What connects the three is that all are potential tools to make clinical trials faster, cheaper and safer. That is so, in an ideal world. Because, as almost always, there is a catch, not even a small one. But more on it later.?
The artificial patient
What is it? As of today, there is no final, widely accepted definition of what an artificial/virtual/synthetic patient is. A very detailed explanation about some (but not all) of the different definitions can be found in this study .?
So let me phrase it simply what we mean by it in this analysis:
an artificial patient is a set of data representing the desired human characteristics the best possible way that is based on large amounts of real patient data, without actually including any backtracable real-patient data.?

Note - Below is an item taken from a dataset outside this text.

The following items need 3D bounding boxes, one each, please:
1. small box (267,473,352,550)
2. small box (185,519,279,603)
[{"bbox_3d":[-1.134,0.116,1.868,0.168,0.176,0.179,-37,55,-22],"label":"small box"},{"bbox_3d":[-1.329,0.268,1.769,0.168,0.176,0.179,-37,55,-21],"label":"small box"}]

Why is it? Artificial patients can be the answer to more than one problems of modern medicine. One of them is patient privacy. With ever more machine learning and deep learning models being used, A.I. needs huge amounts of data to learn from. But providing a lot of real patient data is against their privacy rights, and we have seen ample examples of how bad an idea it is to allow random companies to access heaps of sensitive health data. On the other hand, taking a real-life dataset of existing humans, and generating a synthetic dataset that resembles the original in all important aspects (*more on it later) without actually including anything personal can be a solution.
What is it good for? Artificial patients can be used for a number of things, from medical education to clinical trials, this time we are only focusing on the latter. One day, virtual patients might become the go-to tools for
As many hope, one day artificial patients may be able to completely substitute humans and animals in clinical trials, most likely with animals being the first.?

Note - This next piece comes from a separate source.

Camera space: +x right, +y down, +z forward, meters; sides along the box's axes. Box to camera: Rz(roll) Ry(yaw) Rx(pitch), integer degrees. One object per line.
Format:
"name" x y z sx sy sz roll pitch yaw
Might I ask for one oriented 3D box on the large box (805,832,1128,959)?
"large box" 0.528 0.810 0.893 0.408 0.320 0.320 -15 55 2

While using artificial patients for drug development or medical device development is a promising field, there is a long way to go until the models can reach the required complexity while being truly representative of the human population.

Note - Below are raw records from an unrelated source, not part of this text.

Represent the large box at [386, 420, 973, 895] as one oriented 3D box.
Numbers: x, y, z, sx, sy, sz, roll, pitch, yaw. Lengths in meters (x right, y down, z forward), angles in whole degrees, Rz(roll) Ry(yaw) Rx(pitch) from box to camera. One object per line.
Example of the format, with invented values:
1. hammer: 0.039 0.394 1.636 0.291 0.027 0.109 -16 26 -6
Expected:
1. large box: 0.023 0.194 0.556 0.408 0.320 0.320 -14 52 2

On the other hand, artificial patients as the placebo control group have arrived. AppliedVR recently conducted a trial for VR treatment for chronic back pain patients. And instead of recruiting patients to sign up for the trials to not receive the treatment (being the control group), they decided to turn to an existing database of chronic pain patients, provided by healthcare data company Komodo Health.?
Using real-world data as a patient group in a trial, often known as a synthetic control arm, can make research trials more efficient — companies don’t have to enrol as many people in clinical trials and can guarantee that those who apply will indeed receive the treatment.
Synthetic control groups can also improve equity in clinical research. “That allows us to go look at all those different subpopulations and underrepresented patient populations to see if they have different outcomes,” Web Sun, president and co-founder of Komodo Health says.?
Another interesting example was this virtual trial (or in-silico trial) carried out to predict the efficiency of using flow diverters for brain aneurysms. Researchers created 82 virtual patients based on data of real patients from previous flow diverter trials. The experiment projected an 82.9% success rate for the use of diverters, pretty close to the results of three real-world flow diverter trials that had 86.8%, 74.8% and 76.8% success rates respectively.
Synthetic data
If you felt like your head started spinning from dealing with the concept of the artificial patient, behold, synthetic data is probably an even wilder ride.?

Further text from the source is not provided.